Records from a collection

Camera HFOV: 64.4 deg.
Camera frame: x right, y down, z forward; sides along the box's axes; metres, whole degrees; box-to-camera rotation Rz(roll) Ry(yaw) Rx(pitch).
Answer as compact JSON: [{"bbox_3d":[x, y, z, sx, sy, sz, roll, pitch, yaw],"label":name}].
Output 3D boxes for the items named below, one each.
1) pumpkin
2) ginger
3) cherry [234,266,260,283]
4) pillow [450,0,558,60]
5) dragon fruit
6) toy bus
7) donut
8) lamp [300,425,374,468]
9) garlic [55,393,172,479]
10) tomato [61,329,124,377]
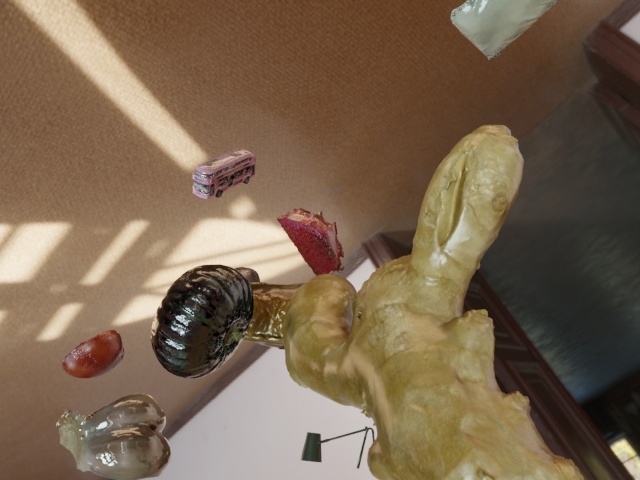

TASK BRIEF:
Copy all the records above exactly, but leave out the pictures.

TASK RESPONSE:
Camera HFOV: 64.4 deg.
Camera frame: x right, y down, z forward; sides along the box's axes; metres, whole degrees; box-to-camera rotation Rz(roll) Ry(yaw) Rx(pitch).
Answer as compact JSON: [{"bbox_3d":[x, y, z, sx, sy, sz, roll, pitch, yaw],"label":name}].
Output 3D boxes for the items named below, one each.
1) pumpkin
2) ginger
3) cherry [234,266,260,283]
4) pillow [450,0,558,60]
5) dragon fruit
6) toy bus
7) donut
8) lamp [300,425,374,468]
9) garlic [55,393,172,479]
10) tomato [61,329,124,377]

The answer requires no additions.